In the Aerobics Centre Longitudinal Study (9,777 men 20 to 82 years of age), men classified as unfit on their first examination but fit on their second (mean of 4.9 years between examinations) had a 52 percent lower risk of CVD mortality during follow-up (RR = 0.48; 95% CI, 0.31 to 0.74) than men classified as unfit on both examinations. Fitness was assessed by a treadmill test, and the 20 percent of persons with the lowest treadmill times were classified as unfit.
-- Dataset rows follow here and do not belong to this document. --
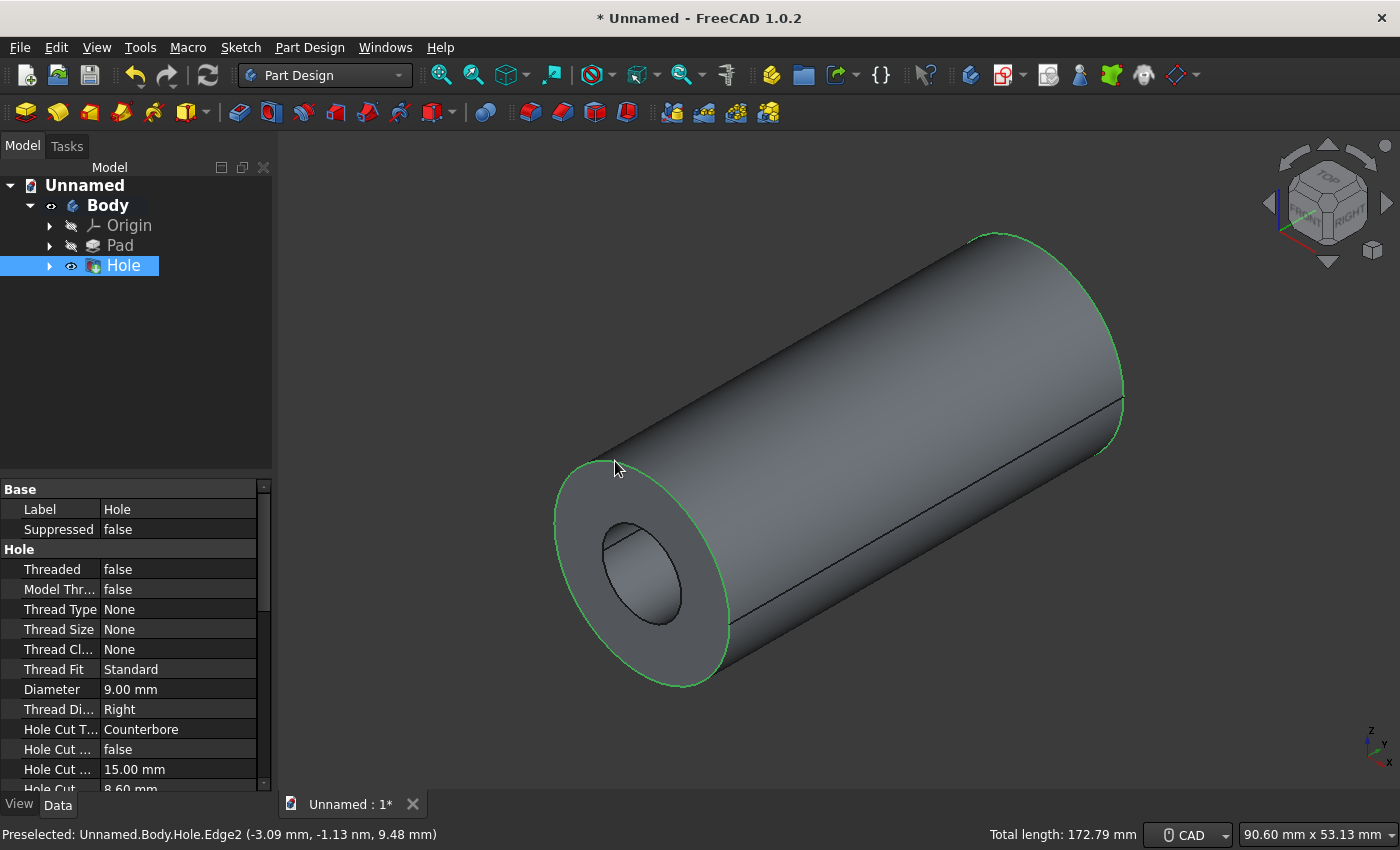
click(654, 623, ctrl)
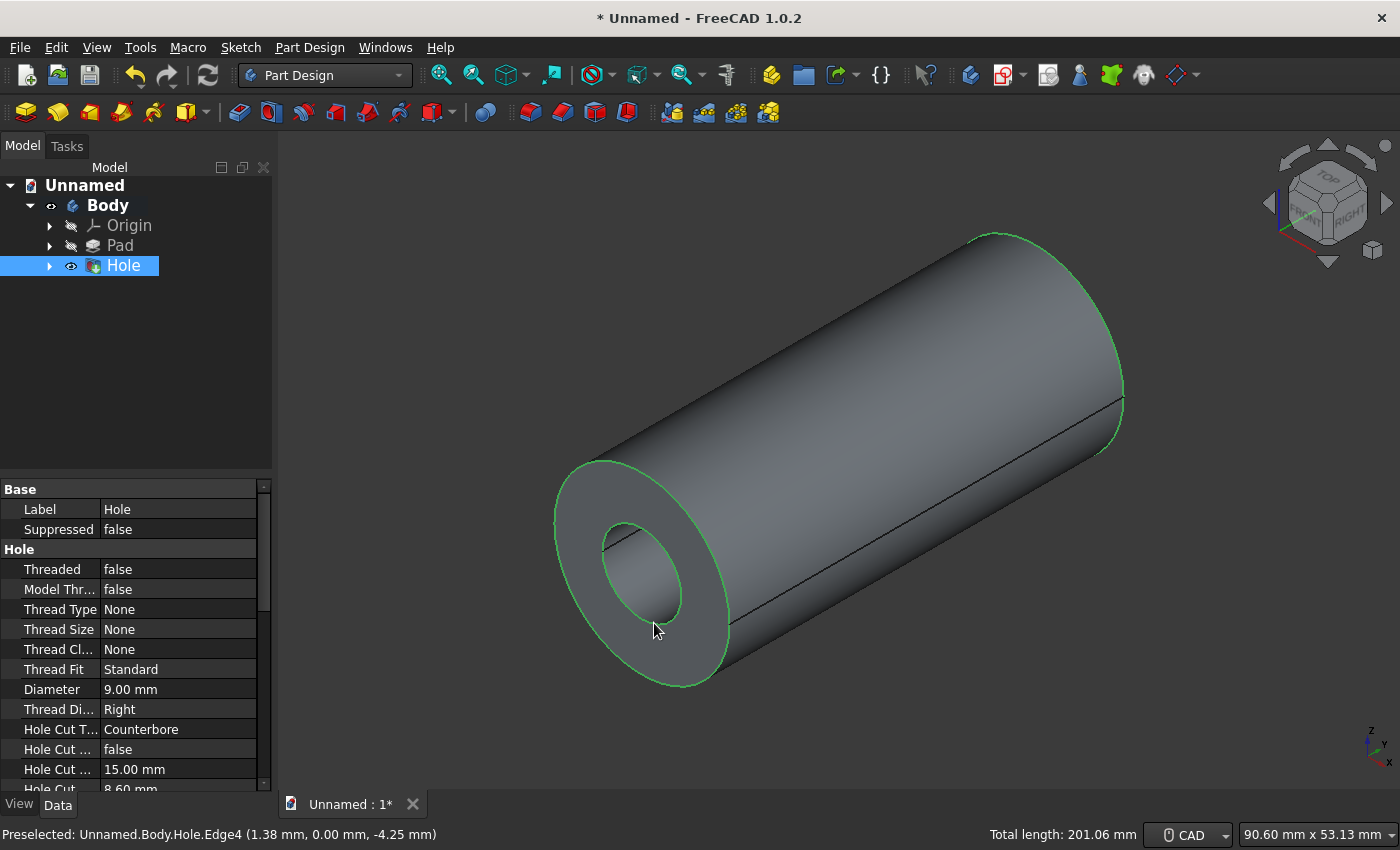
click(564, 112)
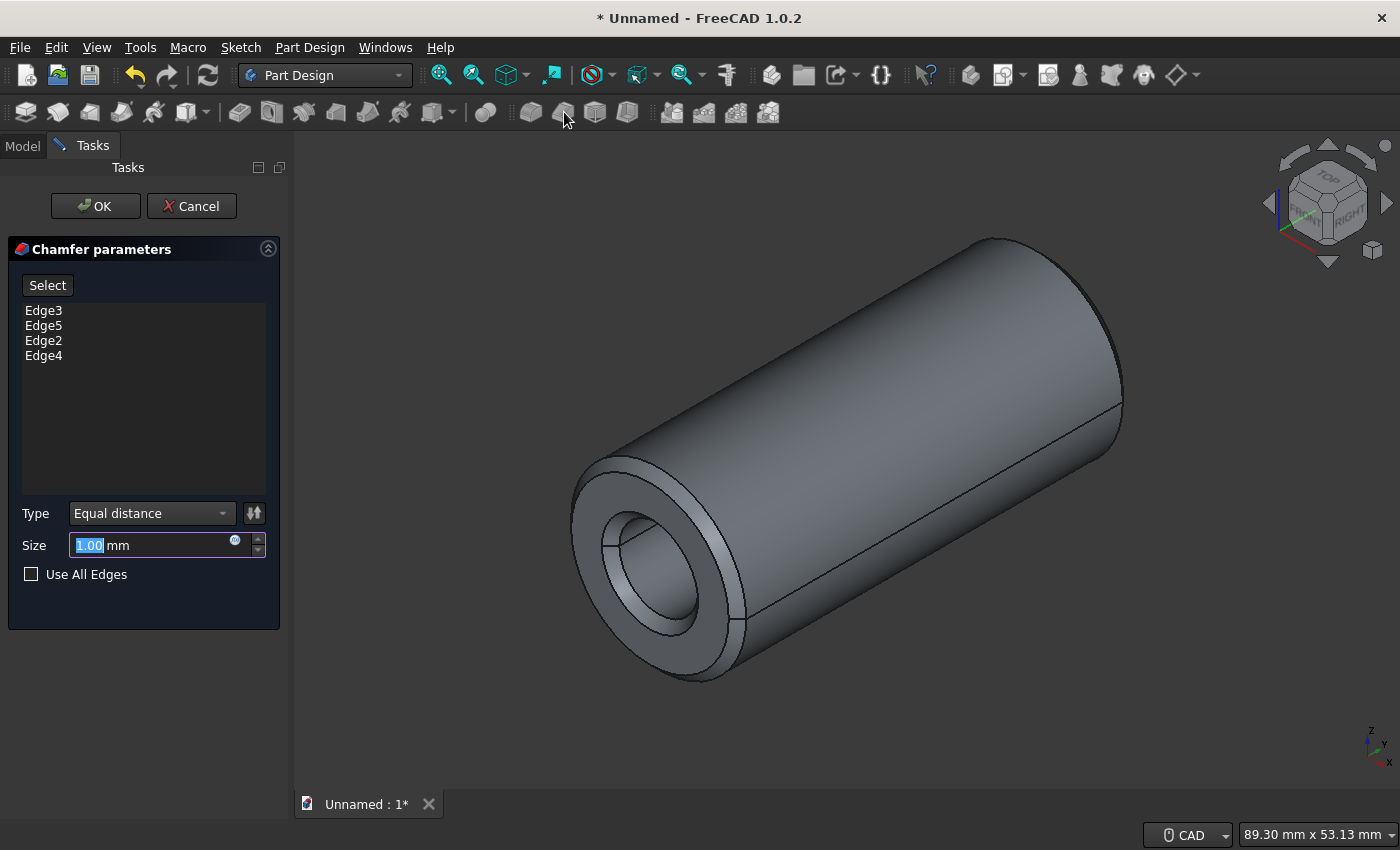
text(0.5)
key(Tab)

The Nurses' Health Study (72,488 women 40 to 65 years of age) assessed physical activity using a questionnaire. It found that women reporting higher levels of energy expenditure had lower rates of coronary events over six years. Women who walked the equivalent of three hours or more a week at a brisk pace (i.e., at least 5 km [3 miles] per hour) had significantly lower rates of coronary events compared with women who walked infrequently (RR = 0.65; 95% CI, 0.47 to 0.91). Similar results were found in the Women's Health Initiative prospective cohort study of 73,743 postmenopausal women.